[Items from a data source]

<<<<

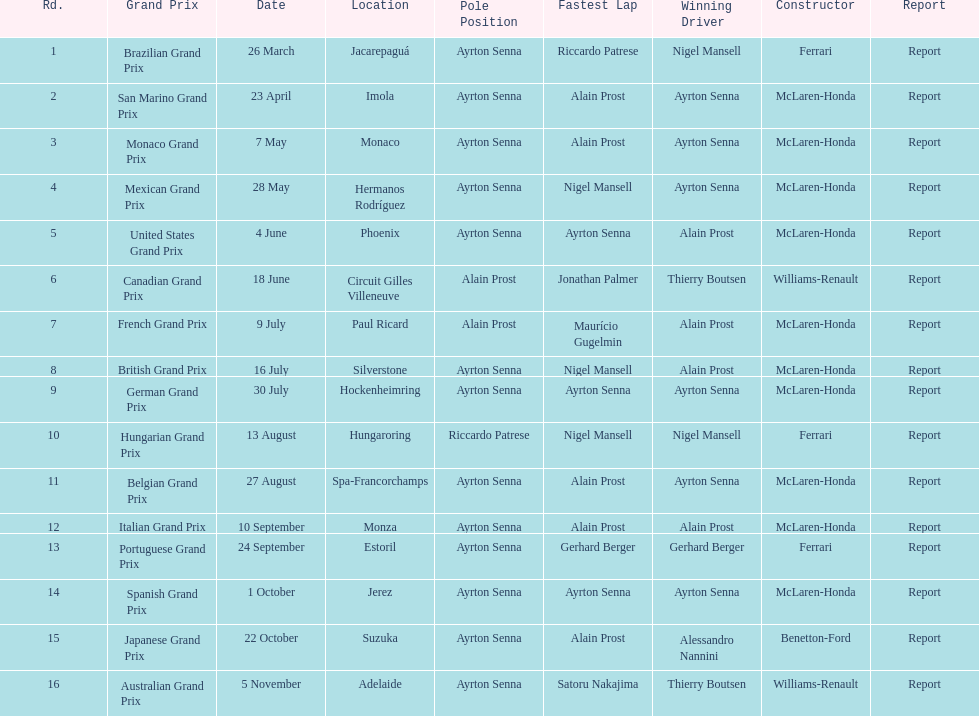What was the only grand prix to be won by benneton-ford? Japanese Grand Prix. 
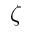Convert formula to latex. <formula><loc_0><loc_0><loc_500><loc_500>\zeta</formula> 
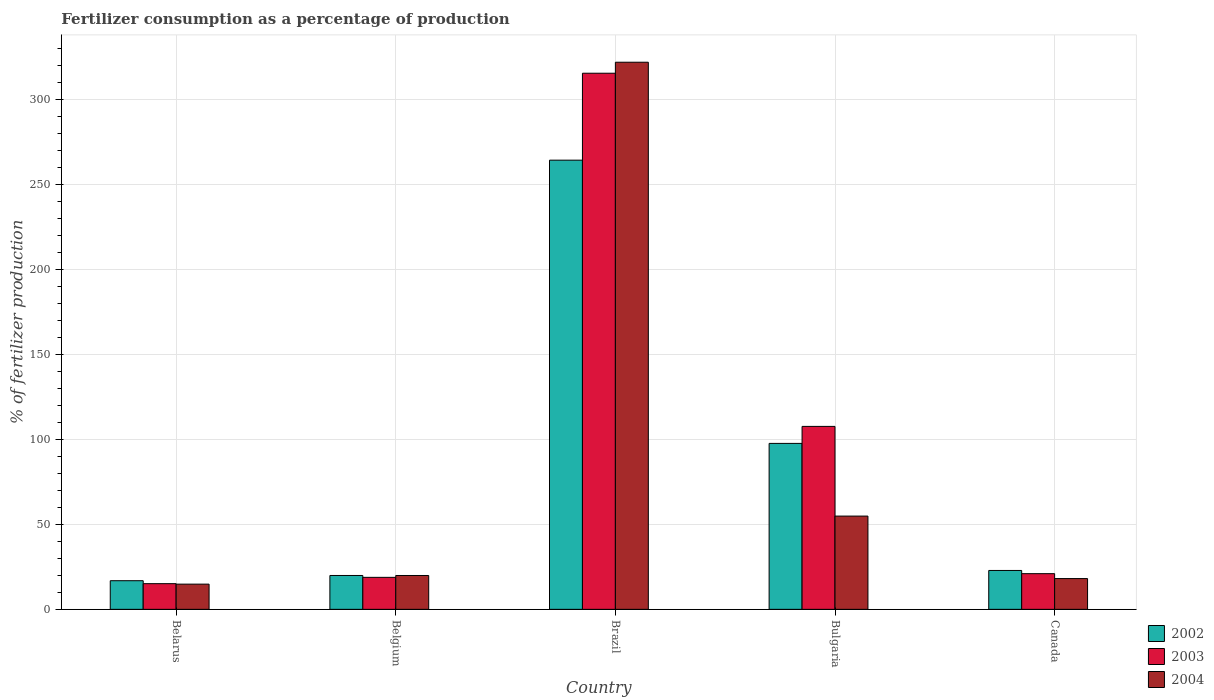How many different coloured bars are there?
Your response must be concise. 3. Are the number of bars per tick equal to the number of legend labels?
Provide a short and direct response. Yes. Are the number of bars on each tick of the X-axis equal?
Make the answer very short. Yes. What is the label of the 2nd group of bars from the left?
Give a very brief answer. Belgium. In how many cases, is the number of bars for a given country not equal to the number of legend labels?
Keep it short and to the point. 0. What is the percentage of fertilizers consumed in 2003 in Brazil?
Provide a succinct answer. 315.68. Across all countries, what is the maximum percentage of fertilizers consumed in 2003?
Offer a terse response. 315.68. Across all countries, what is the minimum percentage of fertilizers consumed in 2004?
Your answer should be very brief. 14.84. In which country was the percentage of fertilizers consumed in 2003 minimum?
Ensure brevity in your answer.  Belarus. What is the total percentage of fertilizers consumed in 2003 in the graph?
Offer a very short reply. 478.35. What is the difference between the percentage of fertilizers consumed in 2002 in Bulgaria and that in Canada?
Provide a short and direct response. 74.82. What is the difference between the percentage of fertilizers consumed in 2004 in Brazil and the percentage of fertilizers consumed in 2002 in Belarus?
Ensure brevity in your answer.  305.3. What is the average percentage of fertilizers consumed in 2003 per country?
Keep it short and to the point. 95.67. What is the difference between the percentage of fertilizers consumed of/in 2004 and percentage of fertilizers consumed of/in 2003 in Bulgaria?
Your response must be concise. -52.8. What is the ratio of the percentage of fertilizers consumed in 2002 in Belarus to that in Bulgaria?
Your answer should be compact. 0.17. Is the percentage of fertilizers consumed in 2003 in Belarus less than that in Bulgaria?
Provide a succinct answer. Yes. Is the difference between the percentage of fertilizers consumed in 2004 in Belarus and Brazil greater than the difference between the percentage of fertilizers consumed in 2003 in Belarus and Brazil?
Your answer should be very brief. No. What is the difference between the highest and the second highest percentage of fertilizers consumed in 2003?
Your response must be concise. -207.97. What is the difference between the highest and the lowest percentage of fertilizers consumed in 2003?
Your answer should be compact. 300.57. In how many countries, is the percentage of fertilizers consumed in 2002 greater than the average percentage of fertilizers consumed in 2002 taken over all countries?
Ensure brevity in your answer.  2. Is the sum of the percentage of fertilizers consumed in 2002 in Belarus and Canada greater than the maximum percentage of fertilizers consumed in 2004 across all countries?
Make the answer very short. No. What does the 1st bar from the right in Brazil represents?
Offer a very short reply. 2004. Is it the case that in every country, the sum of the percentage of fertilizers consumed in 2004 and percentage of fertilizers consumed in 2002 is greater than the percentage of fertilizers consumed in 2003?
Your answer should be compact. Yes. How many bars are there?
Ensure brevity in your answer.  15. How many countries are there in the graph?
Your response must be concise. 5. Does the graph contain any zero values?
Your answer should be compact. No. Where does the legend appear in the graph?
Provide a succinct answer. Bottom right. What is the title of the graph?
Offer a terse response. Fertilizer consumption as a percentage of production. What is the label or title of the Y-axis?
Your answer should be compact. % of fertilizer production. What is the % of fertilizer production of 2002 in Belarus?
Make the answer very short. 16.86. What is the % of fertilizer production of 2003 in Belarus?
Make the answer very short. 15.11. What is the % of fertilizer production of 2004 in Belarus?
Your answer should be compact. 14.84. What is the % of fertilizer production of 2002 in Belgium?
Provide a short and direct response. 19.94. What is the % of fertilizer production of 2003 in Belgium?
Make the answer very short. 18.83. What is the % of fertilizer production of 2004 in Belgium?
Your response must be concise. 19.93. What is the % of fertilizer production in 2002 in Brazil?
Offer a very short reply. 264.49. What is the % of fertilizer production in 2003 in Brazil?
Give a very brief answer. 315.68. What is the % of fertilizer production of 2004 in Brazil?
Make the answer very short. 322.16. What is the % of fertilizer production of 2002 in Bulgaria?
Provide a succinct answer. 97.71. What is the % of fertilizer production of 2003 in Bulgaria?
Give a very brief answer. 107.72. What is the % of fertilizer production of 2004 in Bulgaria?
Provide a short and direct response. 54.91. What is the % of fertilizer production of 2002 in Canada?
Provide a short and direct response. 22.89. What is the % of fertilizer production of 2003 in Canada?
Offer a terse response. 21. What is the % of fertilizer production of 2004 in Canada?
Offer a terse response. 18.12. Across all countries, what is the maximum % of fertilizer production in 2002?
Provide a succinct answer. 264.49. Across all countries, what is the maximum % of fertilizer production of 2003?
Keep it short and to the point. 315.68. Across all countries, what is the maximum % of fertilizer production in 2004?
Provide a succinct answer. 322.16. Across all countries, what is the minimum % of fertilizer production in 2002?
Make the answer very short. 16.86. Across all countries, what is the minimum % of fertilizer production in 2003?
Give a very brief answer. 15.11. Across all countries, what is the minimum % of fertilizer production of 2004?
Make the answer very short. 14.84. What is the total % of fertilizer production of 2002 in the graph?
Give a very brief answer. 421.89. What is the total % of fertilizer production of 2003 in the graph?
Make the answer very short. 478.35. What is the total % of fertilizer production in 2004 in the graph?
Your answer should be very brief. 429.96. What is the difference between the % of fertilizer production of 2002 in Belarus and that in Belgium?
Make the answer very short. -3.08. What is the difference between the % of fertilizer production of 2003 in Belarus and that in Belgium?
Your response must be concise. -3.72. What is the difference between the % of fertilizer production of 2004 in Belarus and that in Belgium?
Your answer should be compact. -5.09. What is the difference between the % of fertilizer production of 2002 in Belarus and that in Brazil?
Make the answer very short. -247.63. What is the difference between the % of fertilizer production in 2003 in Belarus and that in Brazil?
Make the answer very short. -300.57. What is the difference between the % of fertilizer production in 2004 in Belarus and that in Brazil?
Your answer should be very brief. -307.31. What is the difference between the % of fertilizer production of 2002 in Belarus and that in Bulgaria?
Offer a very short reply. -80.85. What is the difference between the % of fertilizer production in 2003 in Belarus and that in Bulgaria?
Give a very brief answer. -92.61. What is the difference between the % of fertilizer production of 2004 in Belarus and that in Bulgaria?
Your response must be concise. -40.07. What is the difference between the % of fertilizer production in 2002 in Belarus and that in Canada?
Ensure brevity in your answer.  -6.03. What is the difference between the % of fertilizer production in 2003 in Belarus and that in Canada?
Give a very brief answer. -5.89. What is the difference between the % of fertilizer production of 2004 in Belarus and that in Canada?
Provide a succinct answer. -3.27. What is the difference between the % of fertilizer production in 2002 in Belgium and that in Brazil?
Ensure brevity in your answer.  -244.55. What is the difference between the % of fertilizer production in 2003 in Belgium and that in Brazil?
Your answer should be very brief. -296.85. What is the difference between the % of fertilizer production of 2004 in Belgium and that in Brazil?
Your answer should be compact. -302.23. What is the difference between the % of fertilizer production of 2002 in Belgium and that in Bulgaria?
Provide a succinct answer. -77.77. What is the difference between the % of fertilizer production of 2003 in Belgium and that in Bulgaria?
Provide a succinct answer. -88.89. What is the difference between the % of fertilizer production in 2004 in Belgium and that in Bulgaria?
Keep it short and to the point. -34.98. What is the difference between the % of fertilizer production of 2002 in Belgium and that in Canada?
Make the answer very short. -2.95. What is the difference between the % of fertilizer production in 2003 in Belgium and that in Canada?
Offer a very short reply. -2.17. What is the difference between the % of fertilizer production of 2004 in Belgium and that in Canada?
Your answer should be very brief. 1.81. What is the difference between the % of fertilizer production of 2002 in Brazil and that in Bulgaria?
Keep it short and to the point. 166.78. What is the difference between the % of fertilizer production of 2003 in Brazil and that in Bulgaria?
Keep it short and to the point. 207.97. What is the difference between the % of fertilizer production of 2004 in Brazil and that in Bulgaria?
Your answer should be compact. 267.25. What is the difference between the % of fertilizer production in 2002 in Brazil and that in Canada?
Your answer should be compact. 241.6. What is the difference between the % of fertilizer production in 2003 in Brazil and that in Canada?
Provide a succinct answer. 294.68. What is the difference between the % of fertilizer production in 2004 in Brazil and that in Canada?
Provide a succinct answer. 304.04. What is the difference between the % of fertilizer production of 2002 in Bulgaria and that in Canada?
Your answer should be compact. 74.82. What is the difference between the % of fertilizer production of 2003 in Bulgaria and that in Canada?
Make the answer very short. 86.71. What is the difference between the % of fertilizer production in 2004 in Bulgaria and that in Canada?
Ensure brevity in your answer.  36.8. What is the difference between the % of fertilizer production in 2002 in Belarus and the % of fertilizer production in 2003 in Belgium?
Give a very brief answer. -1.97. What is the difference between the % of fertilizer production of 2002 in Belarus and the % of fertilizer production of 2004 in Belgium?
Offer a very short reply. -3.07. What is the difference between the % of fertilizer production of 2003 in Belarus and the % of fertilizer production of 2004 in Belgium?
Offer a very short reply. -4.82. What is the difference between the % of fertilizer production of 2002 in Belarus and the % of fertilizer production of 2003 in Brazil?
Provide a succinct answer. -298.83. What is the difference between the % of fertilizer production of 2002 in Belarus and the % of fertilizer production of 2004 in Brazil?
Provide a succinct answer. -305.3. What is the difference between the % of fertilizer production of 2003 in Belarus and the % of fertilizer production of 2004 in Brazil?
Ensure brevity in your answer.  -307.05. What is the difference between the % of fertilizer production of 2002 in Belarus and the % of fertilizer production of 2003 in Bulgaria?
Offer a terse response. -90.86. What is the difference between the % of fertilizer production of 2002 in Belarus and the % of fertilizer production of 2004 in Bulgaria?
Offer a very short reply. -38.05. What is the difference between the % of fertilizer production of 2003 in Belarus and the % of fertilizer production of 2004 in Bulgaria?
Offer a very short reply. -39.8. What is the difference between the % of fertilizer production of 2002 in Belarus and the % of fertilizer production of 2003 in Canada?
Provide a short and direct response. -4.15. What is the difference between the % of fertilizer production of 2002 in Belarus and the % of fertilizer production of 2004 in Canada?
Ensure brevity in your answer.  -1.26. What is the difference between the % of fertilizer production of 2003 in Belarus and the % of fertilizer production of 2004 in Canada?
Your answer should be compact. -3.01. What is the difference between the % of fertilizer production in 2002 in Belgium and the % of fertilizer production in 2003 in Brazil?
Ensure brevity in your answer.  -295.74. What is the difference between the % of fertilizer production in 2002 in Belgium and the % of fertilizer production in 2004 in Brazil?
Offer a very short reply. -302.22. What is the difference between the % of fertilizer production in 2003 in Belgium and the % of fertilizer production in 2004 in Brazil?
Give a very brief answer. -303.33. What is the difference between the % of fertilizer production of 2002 in Belgium and the % of fertilizer production of 2003 in Bulgaria?
Your answer should be very brief. -87.78. What is the difference between the % of fertilizer production of 2002 in Belgium and the % of fertilizer production of 2004 in Bulgaria?
Ensure brevity in your answer.  -34.97. What is the difference between the % of fertilizer production in 2003 in Belgium and the % of fertilizer production in 2004 in Bulgaria?
Offer a very short reply. -36.08. What is the difference between the % of fertilizer production in 2002 in Belgium and the % of fertilizer production in 2003 in Canada?
Offer a terse response. -1.06. What is the difference between the % of fertilizer production of 2002 in Belgium and the % of fertilizer production of 2004 in Canada?
Your answer should be compact. 1.82. What is the difference between the % of fertilizer production in 2003 in Belgium and the % of fertilizer production in 2004 in Canada?
Provide a short and direct response. 0.71. What is the difference between the % of fertilizer production in 2002 in Brazil and the % of fertilizer production in 2003 in Bulgaria?
Provide a short and direct response. 156.77. What is the difference between the % of fertilizer production of 2002 in Brazil and the % of fertilizer production of 2004 in Bulgaria?
Your answer should be compact. 209.58. What is the difference between the % of fertilizer production in 2003 in Brazil and the % of fertilizer production in 2004 in Bulgaria?
Offer a very short reply. 260.77. What is the difference between the % of fertilizer production of 2002 in Brazil and the % of fertilizer production of 2003 in Canada?
Provide a short and direct response. 243.49. What is the difference between the % of fertilizer production of 2002 in Brazil and the % of fertilizer production of 2004 in Canada?
Ensure brevity in your answer.  246.37. What is the difference between the % of fertilizer production in 2003 in Brazil and the % of fertilizer production in 2004 in Canada?
Your answer should be compact. 297.57. What is the difference between the % of fertilizer production of 2002 in Bulgaria and the % of fertilizer production of 2003 in Canada?
Provide a succinct answer. 76.71. What is the difference between the % of fertilizer production of 2002 in Bulgaria and the % of fertilizer production of 2004 in Canada?
Your answer should be compact. 79.59. What is the difference between the % of fertilizer production of 2003 in Bulgaria and the % of fertilizer production of 2004 in Canada?
Your answer should be compact. 89.6. What is the average % of fertilizer production of 2002 per country?
Your response must be concise. 84.38. What is the average % of fertilizer production in 2003 per country?
Provide a succinct answer. 95.67. What is the average % of fertilizer production in 2004 per country?
Keep it short and to the point. 85.99. What is the difference between the % of fertilizer production in 2002 and % of fertilizer production in 2003 in Belarus?
Ensure brevity in your answer.  1.75. What is the difference between the % of fertilizer production of 2002 and % of fertilizer production of 2004 in Belarus?
Provide a short and direct response. 2.01. What is the difference between the % of fertilizer production in 2003 and % of fertilizer production in 2004 in Belarus?
Keep it short and to the point. 0.27. What is the difference between the % of fertilizer production in 2002 and % of fertilizer production in 2003 in Belgium?
Provide a succinct answer. 1.11. What is the difference between the % of fertilizer production of 2002 and % of fertilizer production of 2004 in Belgium?
Your answer should be compact. 0.01. What is the difference between the % of fertilizer production of 2003 and % of fertilizer production of 2004 in Belgium?
Provide a short and direct response. -1.1. What is the difference between the % of fertilizer production in 2002 and % of fertilizer production in 2003 in Brazil?
Keep it short and to the point. -51.19. What is the difference between the % of fertilizer production of 2002 and % of fertilizer production of 2004 in Brazil?
Provide a short and direct response. -57.67. What is the difference between the % of fertilizer production of 2003 and % of fertilizer production of 2004 in Brazil?
Keep it short and to the point. -6.47. What is the difference between the % of fertilizer production of 2002 and % of fertilizer production of 2003 in Bulgaria?
Your response must be concise. -10.01. What is the difference between the % of fertilizer production in 2002 and % of fertilizer production in 2004 in Bulgaria?
Offer a very short reply. 42.8. What is the difference between the % of fertilizer production in 2003 and % of fertilizer production in 2004 in Bulgaria?
Give a very brief answer. 52.8. What is the difference between the % of fertilizer production in 2002 and % of fertilizer production in 2003 in Canada?
Keep it short and to the point. 1.88. What is the difference between the % of fertilizer production of 2002 and % of fertilizer production of 2004 in Canada?
Your answer should be compact. 4.77. What is the difference between the % of fertilizer production in 2003 and % of fertilizer production in 2004 in Canada?
Keep it short and to the point. 2.89. What is the ratio of the % of fertilizer production of 2002 in Belarus to that in Belgium?
Ensure brevity in your answer.  0.85. What is the ratio of the % of fertilizer production in 2003 in Belarus to that in Belgium?
Your response must be concise. 0.8. What is the ratio of the % of fertilizer production of 2004 in Belarus to that in Belgium?
Your answer should be compact. 0.74. What is the ratio of the % of fertilizer production in 2002 in Belarus to that in Brazil?
Offer a very short reply. 0.06. What is the ratio of the % of fertilizer production in 2003 in Belarus to that in Brazil?
Your response must be concise. 0.05. What is the ratio of the % of fertilizer production of 2004 in Belarus to that in Brazil?
Provide a short and direct response. 0.05. What is the ratio of the % of fertilizer production of 2002 in Belarus to that in Bulgaria?
Your answer should be very brief. 0.17. What is the ratio of the % of fertilizer production of 2003 in Belarus to that in Bulgaria?
Provide a succinct answer. 0.14. What is the ratio of the % of fertilizer production of 2004 in Belarus to that in Bulgaria?
Provide a succinct answer. 0.27. What is the ratio of the % of fertilizer production of 2002 in Belarus to that in Canada?
Your response must be concise. 0.74. What is the ratio of the % of fertilizer production in 2003 in Belarus to that in Canada?
Your response must be concise. 0.72. What is the ratio of the % of fertilizer production of 2004 in Belarus to that in Canada?
Make the answer very short. 0.82. What is the ratio of the % of fertilizer production of 2002 in Belgium to that in Brazil?
Offer a terse response. 0.08. What is the ratio of the % of fertilizer production in 2003 in Belgium to that in Brazil?
Your response must be concise. 0.06. What is the ratio of the % of fertilizer production of 2004 in Belgium to that in Brazil?
Make the answer very short. 0.06. What is the ratio of the % of fertilizer production in 2002 in Belgium to that in Bulgaria?
Offer a terse response. 0.2. What is the ratio of the % of fertilizer production of 2003 in Belgium to that in Bulgaria?
Keep it short and to the point. 0.17. What is the ratio of the % of fertilizer production in 2004 in Belgium to that in Bulgaria?
Provide a succinct answer. 0.36. What is the ratio of the % of fertilizer production in 2002 in Belgium to that in Canada?
Make the answer very short. 0.87. What is the ratio of the % of fertilizer production of 2003 in Belgium to that in Canada?
Your response must be concise. 0.9. What is the ratio of the % of fertilizer production in 2004 in Belgium to that in Canada?
Keep it short and to the point. 1.1. What is the ratio of the % of fertilizer production of 2002 in Brazil to that in Bulgaria?
Provide a short and direct response. 2.71. What is the ratio of the % of fertilizer production of 2003 in Brazil to that in Bulgaria?
Give a very brief answer. 2.93. What is the ratio of the % of fertilizer production in 2004 in Brazil to that in Bulgaria?
Provide a succinct answer. 5.87. What is the ratio of the % of fertilizer production in 2002 in Brazil to that in Canada?
Your answer should be compact. 11.56. What is the ratio of the % of fertilizer production in 2003 in Brazil to that in Canada?
Your answer should be compact. 15.03. What is the ratio of the % of fertilizer production in 2004 in Brazil to that in Canada?
Provide a succinct answer. 17.78. What is the ratio of the % of fertilizer production of 2002 in Bulgaria to that in Canada?
Offer a very short reply. 4.27. What is the ratio of the % of fertilizer production in 2003 in Bulgaria to that in Canada?
Provide a short and direct response. 5.13. What is the ratio of the % of fertilizer production of 2004 in Bulgaria to that in Canada?
Your answer should be compact. 3.03. What is the difference between the highest and the second highest % of fertilizer production in 2002?
Your response must be concise. 166.78. What is the difference between the highest and the second highest % of fertilizer production in 2003?
Make the answer very short. 207.97. What is the difference between the highest and the second highest % of fertilizer production of 2004?
Make the answer very short. 267.25. What is the difference between the highest and the lowest % of fertilizer production of 2002?
Ensure brevity in your answer.  247.63. What is the difference between the highest and the lowest % of fertilizer production of 2003?
Provide a short and direct response. 300.57. What is the difference between the highest and the lowest % of fertilizer production of 2004?
Ensure brevity in your answer.  307.31.

>>>>

TASK STATEMENT → A word-for-word copy of the lines above from the one with "Keep it short and to the point. -34.98." through the one with "Your answer should be compact. 267.25.", inclusive, is the only output wanted.

EXERCISE RESULT →
Keep it short and to the point. -34.98. What is the difference between the % of fertilizer production of 2002 in Belgium and that in Canada?
Make the answer very short. -2.95. What is the difference between the % of fertilizer production in 2003 in Belgium and that in Canada?
Offer a very short reply. -2.17. What is the difference between the % of fertilizer production of 2004 in Belgium and that in Canada?
Your answer should be very brief. 1.81. What is the difference between the % of fertilizer production of 2002 in Brazil and that in Bulgaria?
Keep it short and to the point. 166.78. What is the difference between the % of fertilizer production of 2003 in Brazil and that in Bulgaria?
Keep it short and to the point. 207.97. What is the difference between the % of fertilizer production of 2004 in Brazil and that in Bulgaria?
Your answer should be compact. 267.25. What is the difference between the % of fertilizer production in 2002 in Brazil and that in Canada?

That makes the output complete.